After Germany’s largest teachers’ union strongly denounced the Boycott, Divestment, and Sanctions campaign as anti-Semitic, a branch of the union trashed copies of its September publication because it contained an article advocating in favor of anti-Israel boycotts, Benjamin Weinthal reported for The Jewish Chronicle on Monday.

The Education and Science Workers’ Union (GEW) branch, located in the city of Oldenburg, pulped the latest issue of its local magazine for running an article calling for a complete boycott of Israel. It called the publication of the article, which was written by a pro-BDS union member based in Oldenburg, a “big mistake.” It is believed to be the first time since the Holocaust that a German union advocated for a boycott of Jews.

GEW said in a statement on its website that it “rejects a boycott of Israel and antisemitic positions.”

Glanz, who goes by the Twitter handle of Christopher Ben Kush, at one point tweeted that “Israel’s government is a racist freak show.” He is being investigated for possibly violating the terms of his civil service employment, which require him to be politically neutral.

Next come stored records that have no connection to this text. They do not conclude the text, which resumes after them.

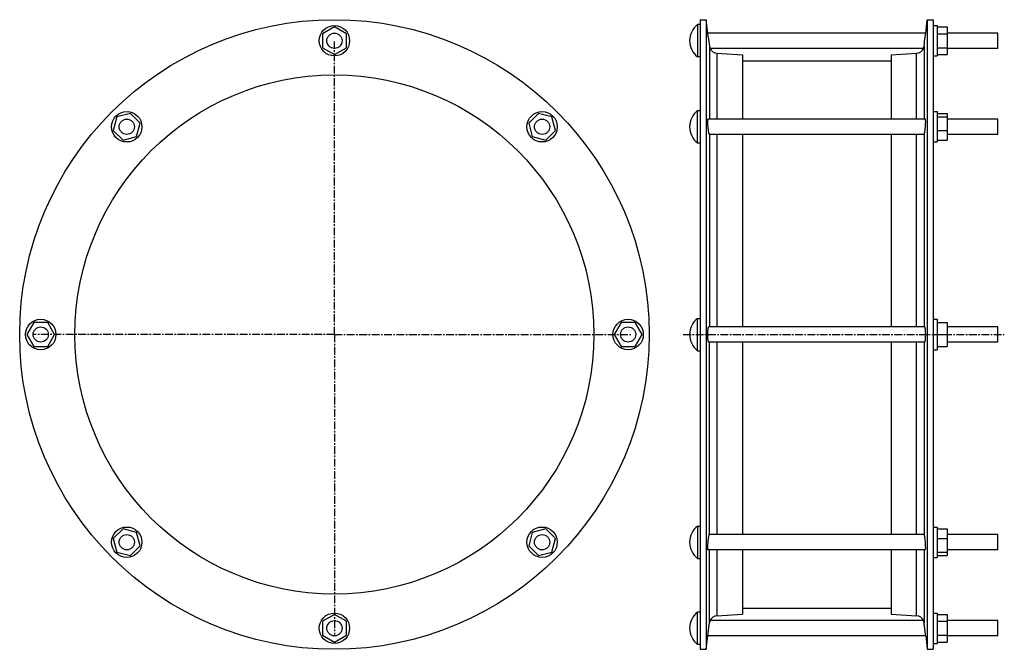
# Model space of a CAD drawing. Header units: millimetres. Extents: x -528 to 249, y -135 to 362.
import ezdxf

# ---------------------------------------------------------------- set-up
doc = ezdxf.new("R2010")
doc.units = ezdxf.units.MM
doc.header["$LTSCALE"] = 16.335
doc.linetypes.add('CENTER', pattern=[0.6, 0.375, -0.075, 0.075, -0.075])
doc.layers.get('0').update_dxf_attribs({"linetype": 'CONTINUOUS'})
doc.layers.add('AXES', color=7, linetype='CONTINUOUS')
doc.layers.add('SURFS', color=7, linetype='CONTINUOUS')

msp = doc.modelspace()

# ---------------------------------------------------------------- linework, layer by layer
at = {"color": 7, "linetype": 'Continuous'}
for p, q in [((8.99, 361.81), (8.99, -134.89)), ((13.75, 361.81), (13.75, -134.89)), ((188.23, 361.81), (188.23, -134.89)), ((192.99, 361.81), (192.99, -134.89)), ((42.33, 334.09), (42.33, 283.34)), ((159.65, 334.09), (159.65, 283.34)), ((42.33, 271.34), (42.33, 119.46)), ((159.65, 271.34), (159.65, 119.46)), ((42.33, 107.46), (42.33, -44.41)), ((159.65, 107.46), (159.65, -44.41)), ((42.33, -56.41), (42.33, -107.17)), ((159.65, -56.41), (159.65, -107.17))]:
    msp.add_line(p, q, dxfattribs=at)
at = {"color": 9, "linetype": 'Continuous'}
for p, q in [((16.3, 340.89), (16.3, 283.34)), ((22.21, 335.35), (22.21, 283.34)), ((179.77, 283.34), (179.77, 335.35)), ((185.69, 340.89), (185.69, 283.34)), ((16.3, 271.34), (16.3, 119.46)), ((22.21, 271.34), (22.21, 119.46)), ((179.77, 119.46), (179.77, 271.34)), ((185.69, 271.34), (185.69, 119.46)), ((16.3, -44.41), (16.3, 107.46)), ((22.21, 107.46), (22.21, -44.41)), ((179.77, -44.41), (179.77, 107.46)), ((185.69, 107.46), (185.69, -44.41)), ((16.3, -113.96), (16.3, -56.41)), ((22.21, -56.41), (22.21, -108.42)), ((179.77, -108.42), (179.77, -56.41)), ((185.69, -56.41), (185.69, -113.96))]:
    msp.add_line(p, q, dxfattribs=at)
at = {"color": 7, "linetype": 'Continuous'}
for radius in [248.35, 204.75]:
    msp.add_circle((-279.6, 113.46), radius, dxfattribs=at)
at = {"layer": 'AXES', "color": 7, "linetype": 'CENTER'}
for p, q in [((-279.6, 113.46), (-279.6, 344.62)), ((-279.6, 113.46), (-517.96, 113.46)), ((-279.6, 113.46), (-279.6, -123.25)), ((-279.6, 113.46), (-44.69, 113.46)), ((-4.34, 113.46), (248.99, 113.46))]:
    msp.add_line(p, q, dxfattribs=at)
at = {"layer": 'SURFS', "color": 7, "linetype": 'Continuous'}
for p, q in [((6.99, 357.96), (6.99, 332.46)), ((8.99, 357.96), (6.99, 357.96)), ((8.99, 361.81), (13.75, 361.81)), ((15.05, 351.15), (13.75, 361.81)), ((186.95, 351.21), (188.23, 361.81)), ((188.23, 361.81), (192.99, 361.81)), ((-279.6, 356.18), (-289.1, 350.7)), ((-289.1, 350.7), (-289.1, 339.73)), ((-270.1, 350.7), (-279.6, 356.18)), ((-270.1, 339.73), (-270.1, 350.7)), ((15.4, 348.21), (15.04, 351.21)), ((186.95, 351.21), (15.04, 351.21)), ((186.59, 348.21), (186.95, 351.21)), ((192.99, 357.21), (195.99, 357.21)), ((195.99, 357.21), (195.99, 333.21)), ((195.99, 356.18), (203.99, 356.18)), ((195.99, 350.7), (203.99, 350.7)), ((203.99, 356.18), (203.99, 334.24)), ((243.99, 351.21), (203.99, 351.21)), ((243.99, 339.21), (243.99, 351.21)), ((-289.1, 339.73), (-279.6, 334.24)), ((-279.6, 334.24), (-270.1, 339.73)), ((185.24, 339.21), (16.75, 339.21)), ((22.21, 335.35), (42.33, 334.09)), ((159.65, 334.09), (179.77, 335.35)), ((195.99, 339.73), (203.99, 339.73)), ((195.99, 334.24), (203.99, 334.24)), ((243.99, 339.21), (203.99, 339.21)), ((8.99, 332.46), (6.99, 332.46)), ((42.33, 329.31), (159.65, 329.31)), ((192.99, 333.21), (195.99, 333.21)), ((-440.63, 287.93), (-451.23, 285.09)), ((-432.87, 280.18), (-440.63, 287.93)), ((-118.56, 287.93), (-126.32, 280.18)), ((-107.97, 285.09), (-118.56, 287.93)), ((6.99, 264.59), (6.99, 290.09)), ((6.99, 290.09), (8.99, 290.09)), ((192.99, 289.34), (195.99, 289.34)), ((195.99, 289.34), (195.99, 265.34)), ((195.99, 287.93), (203.99, 287.93)), ((203.99, 287.93), (203.99, 266.74)), ((-451.23, 285.09), (-454.07, 274.5)), ((-435.71, 269.58), (-432.87, 280.18)), ((-126.32, 280.18), (-123.48, 269.58)), ((-105.13, 274.5), (-107.97, 285.09)), ((186.74, 283.34), (15.25, 283.34)), ((195.99, 285.09), (203.99, 285.09)), ((243.99, 283.34), (203.99, 283.34)), ((243.99, 271.34), (243.99, 283.34)), ((-454.07, 274.5), (-446.31, 266.74)), ((-112.89, 266.74), (-105.13, 274.5)), ((195.99, 274.5), (203.99, 274.5)), ((-446.31, 266.74), (-435.71, 269.58)), ((-123.48, 269.58), (-112.89, 266.74)), ((6.99, 264.59), (8.99, 264.59)), ((185.7, 271.34), (16.29, 271.34)), ((192.99, 265.34), (195.99, 265.34)), ((195.99, 266.74), (203.99, 266.74)), ((243.99, 271.34), (203.99, 271.34)), ((6.99, 100.71), (6.99, 126.21)), ((6.99, 126.21), (8.99, 126.21)), ((192.99, 125.46), (195.99, 125.46)), ((195.99, 125.46), (195.99, 101.46)), ((-516.83, 122.96), (-522.32, 113.46)), ((-505.86, 122.96), (-516.83, 122.96)), ((-500.38, 113.46), (-505.86, 122.96)), ((-53.33, 122.96), (-58.82, 113.46)), ((-42.36, 122.96), (-53.33, 122.96)), ((-36.88, 113.46), (-42.36, 122.96)), ((186.22, 119.46), (15.76, 119.46)), ((195.99, 122.96), (203.99, 122.96)), ((203.99, 122.96), (203.99, 103.96)), ((243.99, 119.46), (203.99, 119.46)), ((243.99, 107.46), (243.99, 119.46)), ((-522.32, 113.46), (-516.83, 103.96)), ((-505.86, 103.96), (-500.38, 113.46)), ((-58.82, 113.46), (-53.33, 103.96)), ((-42.36, 103.96), (-36.88, 113.46)), ((195.99, 113.46), (203.99, 113.46)), ((-516.83, 103.96), (-505.86, 103.96)), ((-53.33, 103.96), (-42.36, 103.96)), ((186.22, 107.46), (15.76, 107.46)), ((192.99, 101.46), (195.99, 101.46)), ((195.99, 103.96), (203.99, 103.96)), ((243.99, 107.46), (203.99, 107.46)), ((6.99, 100.71), (8.99, 100.71)), ((6.99, -37.66), (8.99, -37.66)), ((6.99, -37.66), (6.99, -63.16)), ((192.99, -38.41), (195.99, -38.41)), ((195.99, -38.41), (195.99, -62.41)), ((-446.31, -39.81), (-454.07, -47.57)), ((-435.71, -42.65), (-446.31, -39.81)), ((-432.87, -53.25), (-435.71, -42.65)), ((-123.48, -42.65), (-126.32, -53.25)), ((-112.89, -39.81), (-123.48, -42.65)), ((-105.13, -47.57), (-112.89, -39.81)), ((185.7, -44.41), (16.29, -44.41)), ((195.99, -39.81), (203.99, -39.81)), ((203.99, -39.81), (203.99, -61)), ((243.99, -44.41), (203.99, -44.41)), ((243.99, -56.41), (243.99, -44.41)), ((-454.07, -47.57), (-451.23, -58.16)), ((-440.63, -61), (-432.87, -53.25)), ((-126.32, -53.25), (-118.56, -61)), ((-107.97, -58.16), (-105.13, -47.57)), ((195.99, -47.57), (203.99, -47.57)), ((-451.23, -58.16), (-440.63, -61)), ((-118.56, -61), (-107.97, -58.16)), ((186.74, -56.41), (15.25, -56.41)), ((195.99, -58.16), (203.99, -58.16)), ((195.99, -61), (203.99, -61)), ((243.99, -56.41), (203.99, -56.41)), ((6.99, -63.16), (8.99, -63.16)), ((192.99, -62.41), (195.99, -62.41)), ((-279.6, -107.32), (-289.1, -112.8)), ((-270.1, -112.8), (-279.6, -107.32)), ((8.99, -105.54), (6.99, -105.54)), ((6.99, -131.04), (6.99, -105.54)), ((22.21, -108.42), (42.33, -107.17)), ((42.33, -102.39), (159.65, -102.39)), ((159.65, -107.17), (179.77, -108.42)), ((192.99, -106.29), (195.99, -106.29)), ((195.99, -106.29), (195.99, -130.29)), ((195.99, -107.32), (203.99, -107.32)), ((203.99, -107.32), (203.99, -129.26)), ((-289.1, -112.8), (-289.1, -123.77)), ((-270.1, -123.77), (-270.1, -112.8)), ((185.24, -112.29), (16.75, -112.29)), ((195.99, -112.8), (203.99, -112.8)), ((243.99, -112.29), (203.99, -112.29)), ((243.99, -124.29), (243.99, -112.29)), ((-289.1, -123.77), (-279.6, -129.26)), ((-279.6, -129.26), (-270.1, -123.77)), ((13.75, -134.89), (15.04, -124.29)), ((186.95, -124.29), (15.04, -124.29)), ((186.95, -124.29), (188.23, -134.89)), ((195.99, -123.77), (203.99, -123.77)), ((243.99, -124.29), (203.99, -124.29)), ((8.99, -131.04), (6.99, -131.04)), ((192.99, -130.29), (195.99, -130.29)), ((195.99, -129.26), (203.99, -129.26)), ((8.99, -134.89), (13.75, -134.89)), ((188.23, -134.89), (192.99, -134.89))]:
    msp.add_line(p, q, dxfattribs=at)
for centre, radius in [((-279.6, 345.21), 12), ((-279.6, 345.21), 6), ((-443.47, 277.34), 12), ((-115.73, 277.34), 12), ((-443.47, 277.34), 6), ((-115.73, 277.34), 6), ((-511.35, 113.46), 12), ((-47.85, 113.46), 12), ((-511.35, 113.46), 6), ((-47.85, 113.46), 6), ((-443.47, -50.41), 12), ((-115.73, -50.41), 12), ((-443.47, -50.41), 6), ((-115.73, -50.41), 6), ((-279.6, -118.29), 12), ((-279.6, -118.29), 6)]:
    msp.add_circle(centre, radius, dxfattribs=at)
for centre, radius, start, end in [((16.66, 345.21), 16, 127.16729, 232.83271), ((1917, 576.45), 1915.25, 186.84399, 187.0648), ((-1715.01, 576.45), 1915.25, 352.9352, 353.15601), ((22.61, 341.69), 6.36, 202.94378, 266.44052), ((179.38, 341.69), 6.36, 273.55948, 337.05622), ((16.66, 277.34), 16, 127.16729, 232.83271), ((16.66, 113.46), 16, 127.16729, 232.83271), ((16.66, -50.41), 16, 127.16729, 232.83271), ((16.66, -118.29), 16, 127.16729, 232.83271), ((22.61, -114.77), 6.36, 93.55948, 157.05622), ((179.38, -114.77), 6.36, 22.94378, 86.44052)]:
    msp.add_arc(centre, radius, start, end, dxfattribs=at)
for points, knots in [([(16.3, 340.89), (16.31, 340.76), (16.35, 340.52), (16.42, 340.19), (16.49, 339.94), (16.54, 339.77), (16.58, 339.65), (16.62, 339.55), (16.65, 339.47), (16.68, 339.39), (16.7, 339.33), (16.72, 339.29), (16.73, 339.26), (16.74, 339.24), (16.74, 339.23), (16.75, 339.22), (16.75, 339.22), (16.75, 339.21), (16.75, 339.21)], [0, 0, 0, 0, 0.219476, 0.415664, 0.586794, 0.662433, 0.731123, 0.792596, 0.846581, 0.892822, 0.931059, 0.961059, 0.972915, 0.982648, 0.990236, 0.995661, 0.998915, 1, 1, 1, 1]), ([(185.24, 339.21), (185.24, 339.21), (185.24, 339.22), (185.24, 339.22), (185.24, 339.23), (185.25, 339.24), (185.26, 339.26), (185.27, 339.29), (185.29, 339.33), (185.31, 339.39), (185.34, 339.47), (185.37, 339.55), (185.41, 339.65), (185.45, 339.77), (185.5, 339.94), (185.57, 340.19), (185.64, 340.52), (185.68, 340.76), (185.69, 340.89)], [0, 0, 0, 0, 0.001085, 0.004339, 0.009764, 0.017352, 0.027085, 0.038941, 0.068941, 0.107178, 0.153419, 0.207404, 0.268877, 0.337567, 0.413206, 0.584336, 0.780524, 1, 1, 1, 1]), ([(15.4, 275.78), (15.35, 276.23), (15.27, 277.14), (15.16, 278.48), (15.09, 279.76), (15.05, 280.77), (15.04, 281.49), (15.05, 281.95), (15.06, 282.36), (15.08, 282.69), (15.11, 282.96), (15.14, 283.14), (15.17, 283.24), (15.19, 283.29), (15.22, 283.33), (15.24, 283.34), (15.25, 283.34)], [0, 0, 0, 0, 0.17854, 0.358423, 0.530321, 0.685207, 0.753679, 0.814944, 0.868214, 0.912831, 0.948282, 0.974263, 0.983714, 0.990901, 0.996088, 1, 1, 1, 1]), ([(186.59, 275.78), (186.64, 276.23), (186.72, 277.14), (186.83, 278.48), (186.9, 279.76), (186.94, 280.77), (186.95, 281.49), (186.94, 281.95), (186.93, 282.36), (186.91, 282.69), (186.88, 282.96), (186.85, 283.14), (186.82, 283.24), (186.79, 283.29), (186.77, 283.33), (186.75, 283.34), (186.74, 283.34)], [0, 0, 0, 0, 0.17854, 0.358423, 0.530321, 0.685207, 0.753679, 0.814944, 0.868214, 0.912831, 0.948282, 0.974263, 0.983714, 0.990901, 0.996088, 1, 1, 1, 1]), ([(16.29, 271.34), (16.27, 271.34), (16.24, 271.35), (16.21, 271.38), (16.18, 271.44), (16.14, 271.53), (16.08, 271.67), (16.03, 271.84), (15.97, 272.06), (15.92, 272.31), (15.83, 272.7), (15.73, 273.27), (15.62, 274.03), (15.5, 274.88), (15.44, 275.48), (15.4, 275.78)], [0, 0, 0, 0, 0.010731, 0.018264, 0.027602, 0.052086, 0.084572, 0.125041, 0.173326, 0.229157, 0.292204, 0.438319, 0.607981, 0.79683, 1, 1, 1, 1]), ([(185.7, 271.34), (185.72, 271.34), (185.75, 271.35), (185.77, 271.38), (185.81, 271.44), (185.85, 271.53), (185.91, 271.67), (185.96, 271.84), (186.02, 272.06), (186.07, 272.31), (186.16, 272.7), (186.26, 273.27), (186.37, 274.03), (186.49, 274.88), (186.55, 275.48), (186.59, 275.78)], [0, 0, 0, 0, 0.010731, 0.018264, 0.027602, 0.052086, 0.084572, 0.125041, 0.173326, 0.229157, 0.292204, 0.438319, 0.607981, 0.79683, 1, 1, 1, 1]), ([(15.4, 108.27), (15.36, 108.45), (15.3, 108.86), (15.21, 109.54), (15.15, 110.32), (15.07, 111.51), (15.03, 113.09), (15.05, 114.69), (15.1, 115.93), (15.16, 116.78), (15.23, 117.54), (15.3, 118.11), (15.37, 118.5), (15.42, 118.75), (15.47, 118.96), (15.53, 119.14), (15.58, 119.28), (15.63, 119.37), (15.67, 119.42), (15.71, 119.45), (15.74, 119.46), (15.76, 119.46)], [0, 0, 0, 0, 0.049823, 0.110327, 0.180039, 0.257178, 0.42548, 0.597425, 0.679005, 0.754733, 0.822635, 0.880991, 0.906138, 0.928402, 0.947671, 0.963871, 0.976983, 0.987082, 0.991087, 0.994486, 1, 1, 1, 1]), ([(186.59, 108.27), (186.63, 108.45), (186.69, 108.86), (186.78, 109.54), (186.84, 110.32), (186.91, 111.51), (186.96, 113.09), (186.94, 114.69), (186.89, 115.93), (186.83, 116.78), (186.76, 117.54), (186.69, 118.11), (186.62, 118.5), (186.57, 118.75), (186.52, 118.96), (186.46, 119.14), (186.41, 119.28), (186.36, 119.37), (186.32, 119.42), (186.28, 119.45), (186.25, 119.46), (186.22, 119.46)], [0, 0, 0, 0, 0.049823, 0.110327, 0.180039, 0.257178, 0.42548, 0.597425, 0.679005, 0.754733, 0.822635, 0.880991, 0.906138, 0.928402, 0.947671, 0.963871, 0.976983, 0.987082, 0.991087, 0.994486, 1, 1, 1, 1]), ([(15.76, 107.46), (15.75, 107.46), (15.71, 107.48), (15.66, 107.52), (15.62, 107.58), (15.57, 107.67), (15.53, 107.79), (15.46, 107.99), (15.43, 108.15), (15.4, 108.27)], [0, 0, 0, 0, 0.053907, 0.120556, 0.207134, 0.316763, 0.450713, 0.609395, 1, 1, 1, 1]), ([(186.22, 107.46), (186.24, 107.46), (186.28, 107.48), (186.33, 107.52), (186.37, 107.58), (186.42, 107.67), (186.46, 107.79), (186.52, 107.99), (186.56, 108.15), (186.59, 108.27)], [0, 0, 0, 0, 0.053907, 0.120556, 0.207134, 0.316763, 0.450713, 0.609395, 1, 1, 1, 1]), ([(15.25, -56.41), (15.25, -56.41), (15.23, -56.4), (15.21, -56.38), (15.19, -56.35), (15.17, -56.31), (15.15, -56.25), (15.13, -56.16), (15.1, -56.01), (15.08, -55.79), (15.06, -55.54), (15.05, -55.24), (15.04, -54.76), (15.05, -54.09), (15.07, -53.19), (15.12, -52.2), (15.21, -50.81), (15.34, -49.4), (15.49, -48.03), (15.62, -47.1), (15.74, -46.27), (15.87, -45.58), (15.98, -45.09), (16.07, -44.79), (16.11, -44.67), (16.13, -44.61)], [0, 0, 0, 0, 0.001936, 0.00428, 0.007331, 0.011225, 0.016023, 0.021752, 0.03603, 0.054044, 0.075697, 0.100836, 0.129274, 0.195122, 0.271127, 0.35481, 0.443439, 0.623977, 0.710121, 0.789854, 0.860694, 0.920459, 0.967333, 0.985504, 1, 1, 1, 1]), ([(16.13, -44.61), (16.14, -44.58), (16.17, -44.53), (16.21, -44.46), (16.24, -44.42), (16.27, -44.41), (16.29, -44.41)], [0, 0, 0, 0, 0.370523, 0.654259, 0.857366, 1, 1, 1, 1]), ([(185.86, -44.61), (185.85, -44.58), (185.82, -44.53), (185.78, -44.46), (185.75, -44.42), (185.72, -44.41), (185.7, -44.41)], [0, 0, 0, 0, 0.370523, 0.654259, 0.857366, 1, 1, 1, 1]), ([(186.74, -56.41), (186.74, -56.41), (186.76, -56.4), (186.78, -56.38), (186.8, -56.35), (186.82, -56.31), (186.84, -56.25), (186.86, -56.16), (186.89, -56.01), (186.91, -55.79), (186.93, -55.54), (186.94, -55.24), (186.95, -54.76), (186.94, -54.09), (186.92, -53.19), (186.87, -52.2), (186.77, -50.81), (186.65, -49.4), (186.5, -48.03), (186.37, -47.1), (186.25, -46.27), (186.12, -45.58), (186.01, -45.09), (185.92, -44.79), (185.88, -44.67), (185.86, -44.61)], [0, 0, 0, 0, 0.001936, 0.00428, 0.007331, 0.011225, 0.016023, 0.021752, 0.03603, 0.054044, 0.075697, 0.100836, 0.129274, 0.195122, 0.271127, 0.35481, 0.443439, 0.623977, 0.710121, 0.789854, 0.860694, 0.920459, 0.967333, 0.985504, 1, 1, 1, 1]), ([(15.04, -124.29), (15.05, -124.22), (15.07, -124.06), (15.1, -123.79), (15.16, -123.27), (15.27, -122.42), (15.41, -121.21), (15.58, -119.79), (15.82, -117.8), (16.01, -116.28), (16.13, -115.29)], [0, 0, 0, 0, 0.022903, 0.051142, 0.089959, 0.196375, 0.334672, 0.495319, 0.66744, 1, 1, 1, 1]), ([(16.13, -115.29), (16.15, -115.17), (16.2, -114.72), (16.26, -114.28), (16.3, -113.96)], [0, 0, 0, 0, 0.269886, 1, 1, 1, 1]), ([(16.75, -112.29), (16.75, -112.29), (16.75, -112.29), (16.75, -112.29), (16.75, -112.3), (16.74, -112.31), (16.73, -112.33), (16.72, -112.36), (16.7, -112.4), (16.68, -112.46), (16.65, -112.54), (16.62, -112.62), (16.58, -112.73), (16.54, -112.84), (16.49, -113.01), (16.42, -113.26), (16.35, -113.59), (16.31, -113.83), (16.3, -113.96)], [0, 0, 0, 0, 0.001085, 0.00434, 0.009764, 0.017352, 0.027086, 0.038943, 0.068943, 0.107181, 0.153423, 0.207408, 0.268881, 0.33757, 0.413208, 0.584337, 0.780523, 1, 1, 1, 1]), ([(185.69, -113.96), (185.68, -113.83), (185.64, -113.59), (185.57, -113.26), (185.5, -113.01), (185.45, -112.84), (185.41, -112.73), (185.37, -112.62), (185.34, -112.54), (185.31, -112.46), (185.29, -112.4), (185.27, -112.36), (185.26, -112.33), (185.25, -112.31), (185.24, -112.3), (185.24, -112.29), (185.24, -112.29), (185.24, -112.29), (185.24, -112.29)], [0, 0, 0, 0, 0.219477, 0.415663, 0.586792, 0.66243, 0.731119, 0.792592, 0.846577, 0.892819, 0.931057, 0.961057, 0.972914, 0.982648, 0.990236, 0.99566, 0.998915, 1, 1, 1, 1]), ([(185.86, -115.29), (185.84, -115.17), (185.79, -114.72), (185.73, -114.28), (185.69, -113.96)], [0, 0, 0, 0, 0.269886, 1, 1, 1, 1]), ([(186.95, -124.29), (186.94, -124.22), (186.92, -124.06), (186.89, -123.79), (186.82, -123.27), (186.72, -122.42), (186.58, -121.21), (186.41, -119.79), (186.17, -117.8), (185.98, -116.28), (185.86, -115.29)], [0, 0, 0, 0, 0.022903, 0.051142, 0.089959, 0.196375, 0.334672, 0.495319, 0.66744, 1, 1, 1, 1])]:
    msp.add_open_spline(points, degree=3, knots=knots, dxfattribs=at)

doc.saveas('drawing.dxf')

He told a newspaper that he was “appalled” by the union’s response, which was conversely praised by German politicians, teachers, and Jewish communal leaders.

Michaela Engelmeier, a parliamentarian from Germany’s main opposition party, wrote on Twitter that she was “pleased that the GEW Oldenburg distanced itself“ from Glanz.

Charlotte Knobloch, the chairwoman of Munich’s Jewish community and a Holocaust survivor, also welcomed the move, saying, “The BDS campaign disguises the socially unacceptable ‘Don’t buy from Jews!’ as a modernised form of Nazi jargon by demanding ‘Don’t buy from the Jewish state.’”

Volker Beck, a Green Party member who chairs the German-Israeli Parliamentary Friendship Group, said that he hoped that GEW’s Oldenburg branch would follow the national union and “condemn BDS as antisemitic. Everything else would be unacceptable.”

The incident in Oldenburg comes less than a week after GEW declared that BDS is anti-Semitic, as Weinthal reported earlier for The Jerusalem Post.

Following the publication of Glanz’s article, Beck reached out to the national union on Twitter, asking if it would condemn “BDS as an anti-Semitic project.” The union responded, “Of course, the GEW condemns an anti-Semitic campaign like BDS. We are democratic and anti-racist!”

The chairman of Oldenburg’s GEW branch, Heinz Bührmann, distanced his organization from BDS, saying, “Not one member of the Oldenburg GEW district executive board is … racist or anti-Semitic.” He claimed further that his board was unfamiliar with the BDS campaign and blamed the article’s publication on “our lack of knowledge” about BDS.

Lisa Scheremet, a Jewish teacher in Lower Saxony, where Oldenburg is located, wrote in a letter to Bührmann that she thought of cancelling her membership in GEW because “I do not want to finance the active anti-Israel propaganda with my membership dues.”

GEW has an announced membership of almost 281,000. The Israeli embassy told Weinthal that it considered GEW an important institution in Germany and hoped that its magazine would “show better editorial standards” in the future.